> **Activity**
The answer is to be an exact copy of the lines below running from the line with "23. rack shelf (1729,557,1919,892)" down to the line with "47. pallet (1405,346,1429,375)", both ends included, and nothing more.

━━━━━ Materials provided ━━━━━

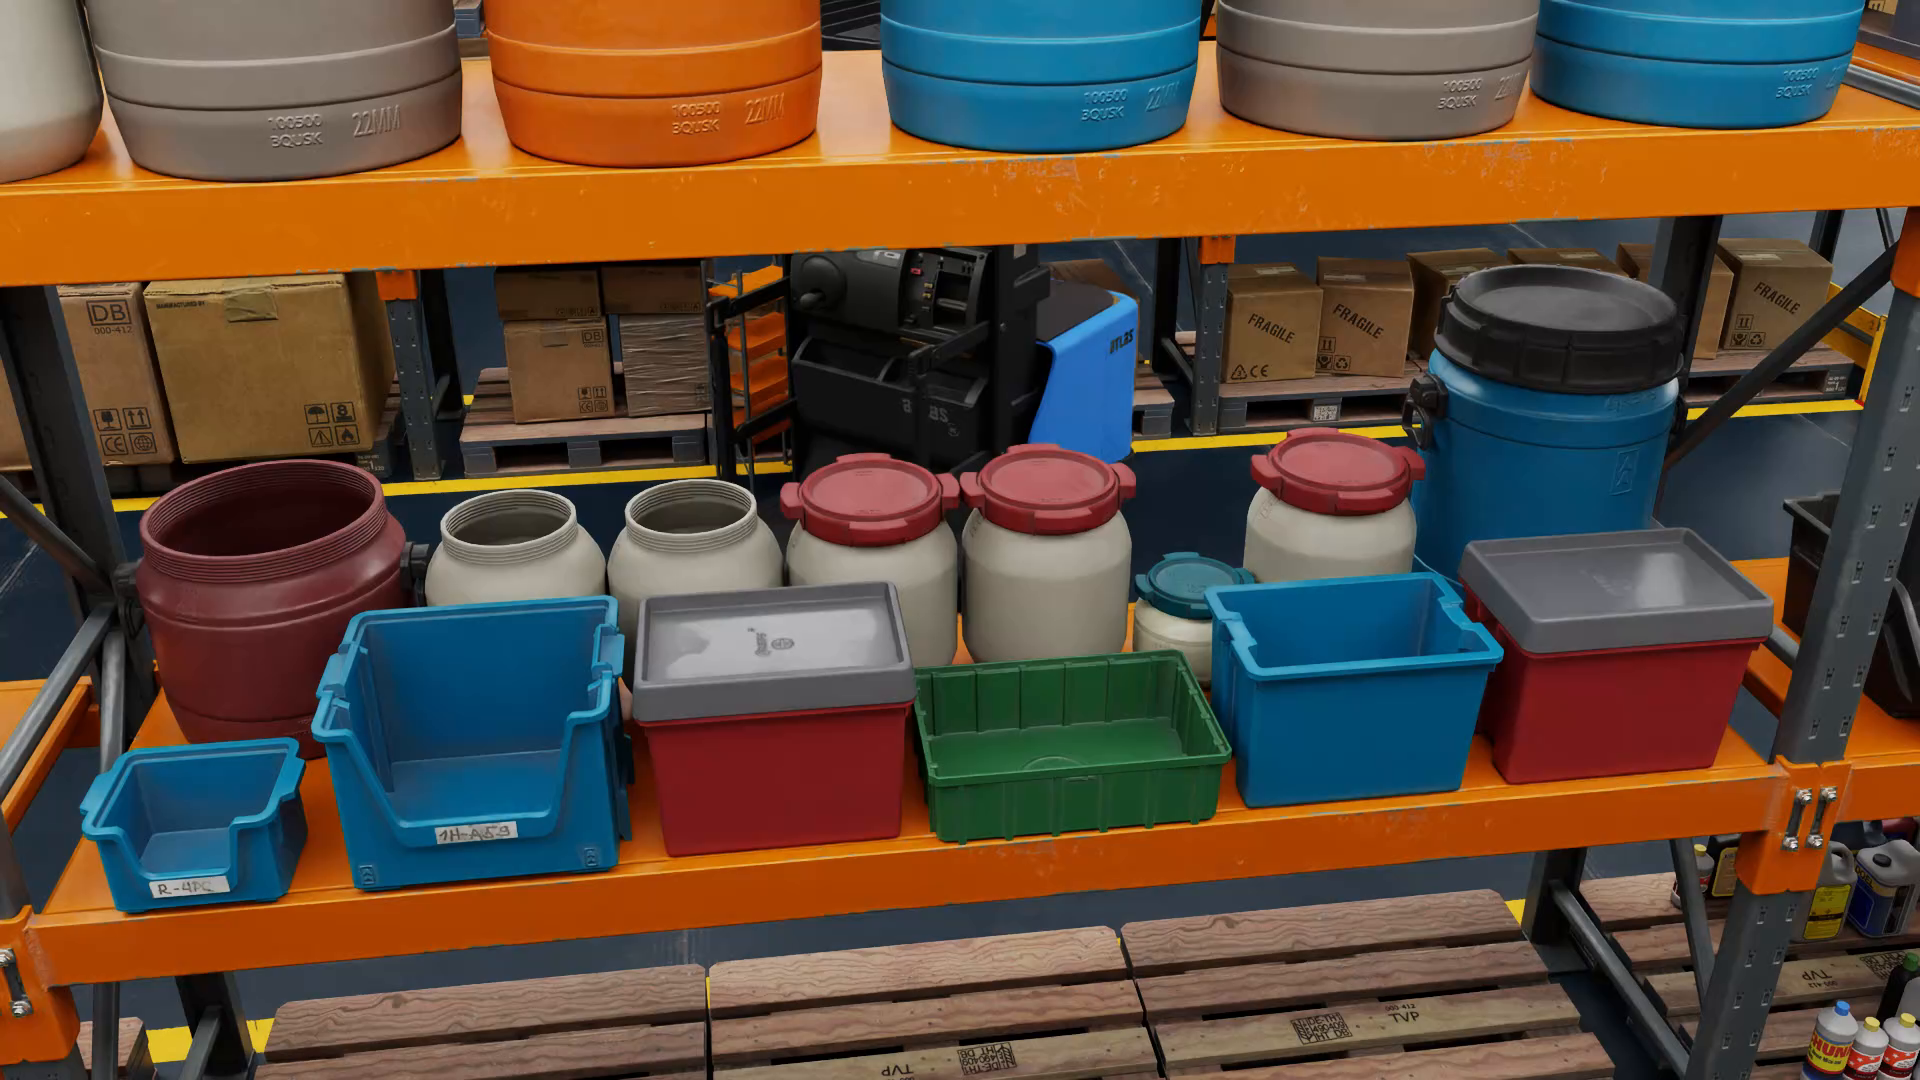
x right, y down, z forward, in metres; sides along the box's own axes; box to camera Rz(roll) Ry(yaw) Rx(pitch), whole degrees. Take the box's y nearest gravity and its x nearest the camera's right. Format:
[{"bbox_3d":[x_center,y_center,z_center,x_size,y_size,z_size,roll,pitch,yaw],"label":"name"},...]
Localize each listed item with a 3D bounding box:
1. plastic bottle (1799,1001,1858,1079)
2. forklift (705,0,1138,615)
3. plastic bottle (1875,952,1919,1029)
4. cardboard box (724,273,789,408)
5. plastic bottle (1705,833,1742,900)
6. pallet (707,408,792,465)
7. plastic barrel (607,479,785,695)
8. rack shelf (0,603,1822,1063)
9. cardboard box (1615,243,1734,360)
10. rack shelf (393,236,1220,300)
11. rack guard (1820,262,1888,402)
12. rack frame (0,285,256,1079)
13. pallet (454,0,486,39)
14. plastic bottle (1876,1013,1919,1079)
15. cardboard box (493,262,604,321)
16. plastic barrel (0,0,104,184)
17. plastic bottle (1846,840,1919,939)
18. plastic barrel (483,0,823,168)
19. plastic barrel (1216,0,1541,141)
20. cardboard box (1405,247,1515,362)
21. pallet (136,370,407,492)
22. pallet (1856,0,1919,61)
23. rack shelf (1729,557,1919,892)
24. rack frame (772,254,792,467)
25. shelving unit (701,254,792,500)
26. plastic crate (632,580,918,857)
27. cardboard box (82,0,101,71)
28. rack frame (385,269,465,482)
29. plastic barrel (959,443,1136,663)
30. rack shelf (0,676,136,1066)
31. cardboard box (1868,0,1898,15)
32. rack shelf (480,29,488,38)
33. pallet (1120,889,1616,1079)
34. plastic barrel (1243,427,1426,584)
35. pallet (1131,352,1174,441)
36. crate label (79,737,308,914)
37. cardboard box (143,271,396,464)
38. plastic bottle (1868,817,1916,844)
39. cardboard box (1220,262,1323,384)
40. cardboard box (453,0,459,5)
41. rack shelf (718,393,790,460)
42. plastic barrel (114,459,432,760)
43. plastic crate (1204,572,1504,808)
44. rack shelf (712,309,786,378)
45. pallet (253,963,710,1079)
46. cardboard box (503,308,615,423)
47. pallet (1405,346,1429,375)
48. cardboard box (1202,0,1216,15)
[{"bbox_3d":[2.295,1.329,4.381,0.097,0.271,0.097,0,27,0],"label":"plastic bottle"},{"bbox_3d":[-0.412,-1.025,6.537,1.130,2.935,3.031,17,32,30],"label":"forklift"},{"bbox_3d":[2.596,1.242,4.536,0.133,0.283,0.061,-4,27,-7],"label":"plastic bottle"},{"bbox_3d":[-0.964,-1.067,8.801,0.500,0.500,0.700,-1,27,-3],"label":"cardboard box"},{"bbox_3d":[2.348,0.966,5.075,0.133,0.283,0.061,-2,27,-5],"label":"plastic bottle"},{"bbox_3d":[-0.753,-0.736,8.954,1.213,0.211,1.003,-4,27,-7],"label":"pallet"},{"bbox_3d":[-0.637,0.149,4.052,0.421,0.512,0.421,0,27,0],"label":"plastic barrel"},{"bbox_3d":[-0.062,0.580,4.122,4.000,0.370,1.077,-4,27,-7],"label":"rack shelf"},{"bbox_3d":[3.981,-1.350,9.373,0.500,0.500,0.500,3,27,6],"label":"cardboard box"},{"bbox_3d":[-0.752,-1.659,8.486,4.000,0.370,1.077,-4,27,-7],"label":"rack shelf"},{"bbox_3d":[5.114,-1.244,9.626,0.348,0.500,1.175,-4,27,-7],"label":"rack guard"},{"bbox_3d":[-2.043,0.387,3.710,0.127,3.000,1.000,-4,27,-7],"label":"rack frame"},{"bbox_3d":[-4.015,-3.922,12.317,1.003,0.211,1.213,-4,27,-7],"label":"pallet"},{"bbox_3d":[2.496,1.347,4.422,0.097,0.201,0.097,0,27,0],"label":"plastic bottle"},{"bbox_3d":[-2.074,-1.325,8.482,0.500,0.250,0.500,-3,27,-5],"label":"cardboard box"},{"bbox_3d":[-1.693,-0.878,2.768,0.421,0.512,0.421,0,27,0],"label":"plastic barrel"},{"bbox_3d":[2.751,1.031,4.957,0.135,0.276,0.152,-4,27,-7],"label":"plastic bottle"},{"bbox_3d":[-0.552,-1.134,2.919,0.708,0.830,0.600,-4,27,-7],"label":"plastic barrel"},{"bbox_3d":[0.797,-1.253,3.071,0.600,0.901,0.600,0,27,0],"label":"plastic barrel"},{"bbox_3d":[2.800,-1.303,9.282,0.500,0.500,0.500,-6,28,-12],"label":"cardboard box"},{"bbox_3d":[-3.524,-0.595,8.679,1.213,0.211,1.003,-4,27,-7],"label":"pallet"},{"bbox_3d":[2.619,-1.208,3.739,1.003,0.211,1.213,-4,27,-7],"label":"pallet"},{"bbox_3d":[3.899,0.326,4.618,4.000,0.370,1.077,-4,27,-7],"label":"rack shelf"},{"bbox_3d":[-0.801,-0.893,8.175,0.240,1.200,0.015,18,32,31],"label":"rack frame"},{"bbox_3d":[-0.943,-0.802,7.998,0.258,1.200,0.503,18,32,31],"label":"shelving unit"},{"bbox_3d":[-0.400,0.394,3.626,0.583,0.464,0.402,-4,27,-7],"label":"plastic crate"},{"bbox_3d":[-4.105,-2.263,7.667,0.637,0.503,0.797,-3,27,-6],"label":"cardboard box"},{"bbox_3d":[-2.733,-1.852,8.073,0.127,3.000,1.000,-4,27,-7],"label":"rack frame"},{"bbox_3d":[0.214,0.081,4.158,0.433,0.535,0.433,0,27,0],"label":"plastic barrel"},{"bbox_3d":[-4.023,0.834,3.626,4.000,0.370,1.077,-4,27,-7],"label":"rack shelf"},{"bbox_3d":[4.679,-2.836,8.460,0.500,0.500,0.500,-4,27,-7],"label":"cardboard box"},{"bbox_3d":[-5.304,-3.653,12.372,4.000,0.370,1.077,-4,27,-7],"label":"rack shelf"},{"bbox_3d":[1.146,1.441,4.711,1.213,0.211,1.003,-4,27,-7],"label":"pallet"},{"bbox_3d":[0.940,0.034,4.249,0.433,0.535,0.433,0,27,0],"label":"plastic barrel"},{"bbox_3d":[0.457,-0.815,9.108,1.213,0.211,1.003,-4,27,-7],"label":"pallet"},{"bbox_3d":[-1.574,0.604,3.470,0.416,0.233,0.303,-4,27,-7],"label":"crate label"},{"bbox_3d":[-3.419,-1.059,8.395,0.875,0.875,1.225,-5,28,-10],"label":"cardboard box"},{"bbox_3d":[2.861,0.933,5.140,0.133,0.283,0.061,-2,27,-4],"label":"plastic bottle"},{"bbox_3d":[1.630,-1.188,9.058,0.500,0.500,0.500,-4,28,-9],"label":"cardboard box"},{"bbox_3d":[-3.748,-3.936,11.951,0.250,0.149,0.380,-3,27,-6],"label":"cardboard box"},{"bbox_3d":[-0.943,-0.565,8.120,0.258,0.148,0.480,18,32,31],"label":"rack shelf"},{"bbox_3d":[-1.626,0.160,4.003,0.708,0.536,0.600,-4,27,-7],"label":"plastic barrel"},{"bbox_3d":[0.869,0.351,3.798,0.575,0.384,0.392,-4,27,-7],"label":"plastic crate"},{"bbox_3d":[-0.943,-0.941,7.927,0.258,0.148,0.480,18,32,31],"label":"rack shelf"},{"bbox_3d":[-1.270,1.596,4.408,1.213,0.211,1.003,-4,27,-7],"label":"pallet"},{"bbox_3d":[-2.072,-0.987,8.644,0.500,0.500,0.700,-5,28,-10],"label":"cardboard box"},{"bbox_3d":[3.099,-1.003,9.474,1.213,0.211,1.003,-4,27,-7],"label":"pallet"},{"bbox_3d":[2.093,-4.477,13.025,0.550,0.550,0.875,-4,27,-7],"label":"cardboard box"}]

━━━━━
━━━━━ Materials provided ━━━━━

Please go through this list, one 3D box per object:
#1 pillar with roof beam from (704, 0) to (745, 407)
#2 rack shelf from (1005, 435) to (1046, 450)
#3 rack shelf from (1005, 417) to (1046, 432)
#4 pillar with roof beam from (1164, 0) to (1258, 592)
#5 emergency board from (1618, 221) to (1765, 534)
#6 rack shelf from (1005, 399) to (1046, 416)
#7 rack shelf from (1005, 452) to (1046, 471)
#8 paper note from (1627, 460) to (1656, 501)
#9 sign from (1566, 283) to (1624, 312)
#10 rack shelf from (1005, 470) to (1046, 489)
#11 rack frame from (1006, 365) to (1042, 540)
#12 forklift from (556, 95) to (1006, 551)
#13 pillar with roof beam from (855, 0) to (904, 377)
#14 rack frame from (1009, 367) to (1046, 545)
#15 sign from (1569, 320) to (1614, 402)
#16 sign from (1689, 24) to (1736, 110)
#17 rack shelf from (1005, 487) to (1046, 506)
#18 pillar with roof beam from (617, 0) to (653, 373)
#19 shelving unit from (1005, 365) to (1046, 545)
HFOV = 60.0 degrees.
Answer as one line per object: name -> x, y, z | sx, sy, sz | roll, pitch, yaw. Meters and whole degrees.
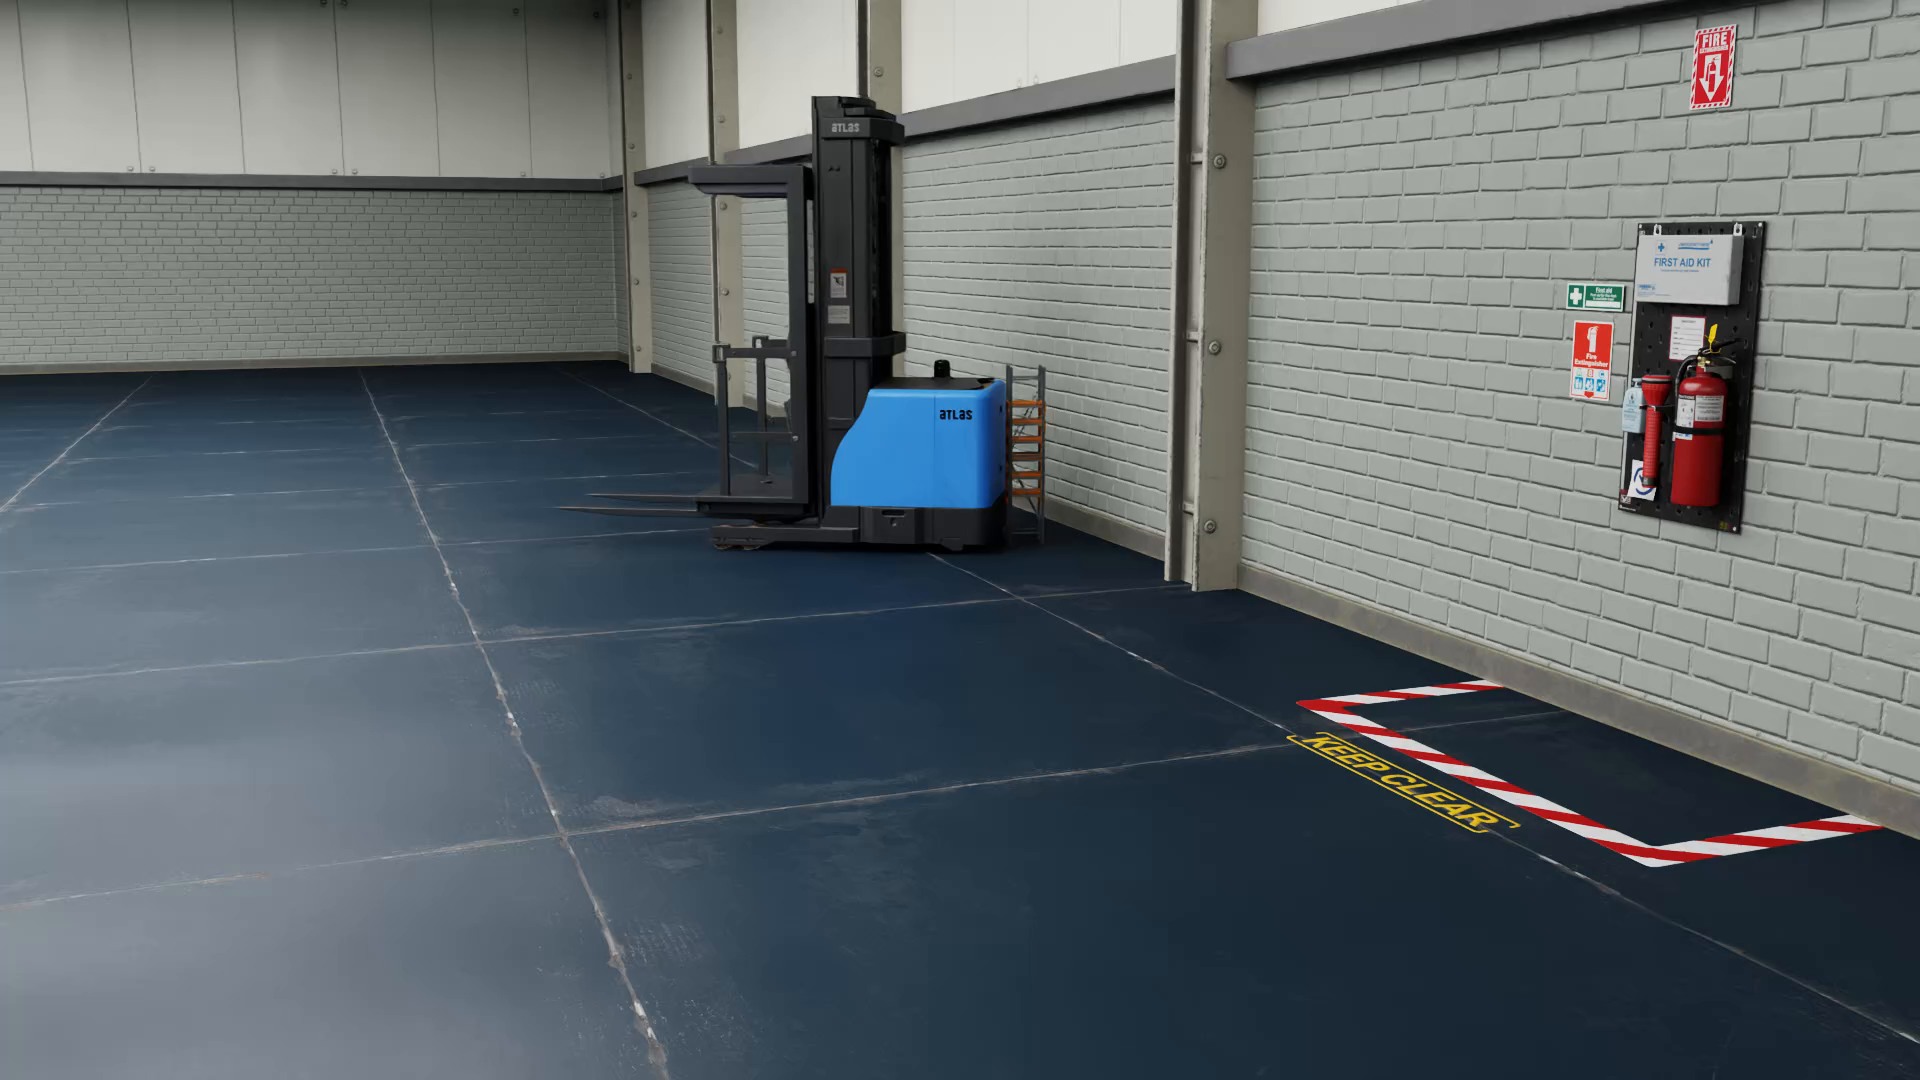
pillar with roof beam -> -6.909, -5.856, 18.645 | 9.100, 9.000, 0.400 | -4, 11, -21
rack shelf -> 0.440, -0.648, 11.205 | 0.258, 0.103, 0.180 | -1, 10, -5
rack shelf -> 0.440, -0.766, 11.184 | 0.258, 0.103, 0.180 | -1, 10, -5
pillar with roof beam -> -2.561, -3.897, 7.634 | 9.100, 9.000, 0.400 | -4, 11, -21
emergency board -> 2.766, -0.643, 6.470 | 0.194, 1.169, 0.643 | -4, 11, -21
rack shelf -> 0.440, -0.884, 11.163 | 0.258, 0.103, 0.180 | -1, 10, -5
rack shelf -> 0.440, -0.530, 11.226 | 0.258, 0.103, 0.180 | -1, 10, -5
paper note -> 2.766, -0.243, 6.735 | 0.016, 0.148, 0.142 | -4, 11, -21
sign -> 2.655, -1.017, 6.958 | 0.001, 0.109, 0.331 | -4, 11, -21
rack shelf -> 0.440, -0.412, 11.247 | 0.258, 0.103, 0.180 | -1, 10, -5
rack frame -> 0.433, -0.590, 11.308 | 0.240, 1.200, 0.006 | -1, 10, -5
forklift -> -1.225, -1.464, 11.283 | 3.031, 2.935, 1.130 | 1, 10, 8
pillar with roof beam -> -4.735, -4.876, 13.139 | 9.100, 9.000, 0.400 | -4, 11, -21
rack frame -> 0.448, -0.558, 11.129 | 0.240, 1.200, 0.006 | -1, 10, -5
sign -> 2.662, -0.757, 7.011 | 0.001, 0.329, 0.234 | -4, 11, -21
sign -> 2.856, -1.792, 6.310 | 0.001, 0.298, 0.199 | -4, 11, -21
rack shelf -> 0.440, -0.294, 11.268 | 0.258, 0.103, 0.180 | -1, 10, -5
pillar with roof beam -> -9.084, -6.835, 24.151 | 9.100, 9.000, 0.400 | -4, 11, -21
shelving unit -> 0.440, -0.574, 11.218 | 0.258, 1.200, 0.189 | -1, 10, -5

━━━━━

> **Solved problem**
23. rack shelf (1729,557,1919,892)
24. rack frame (772,254,792,467)
25. shelving unit (701,254,792,500)
26. plastic crate (632,580,918,857)
27. cardboard box (82,0,101,71)
28. rack frame (385,269,465,482)
29. plastic barrel (959,443,1136,663)
30. rack shelf (0,676,136,1066)
31. cardboard box (1868,0,1898,15)
32. rack shelf (480,29,488,38)
33. pallet (1120,889,1616,1079)
34. plastic barrel (1243,427,1426,584)
35. pallet (1131,352,1174,441)
36. crate label (79,737,308,914)
37. cardboard box (143,271,396,464)
38. plastic bottle (1868,817,1916,844)
39. cardboard box (1220,262,1323,384)
40. cardboard box (453,0,459,5)
41. rack shelf (718,393,790,460)
42. plastic barrel (114,459,432,760)
43. plastic crate (1204,572,1504,808)
44. rack shelf (712,309,786,378)
45. pallet (253,963,710,1079)
46. cardboard box (503,308,615,423)
47. pallet (1405,346,1429,375)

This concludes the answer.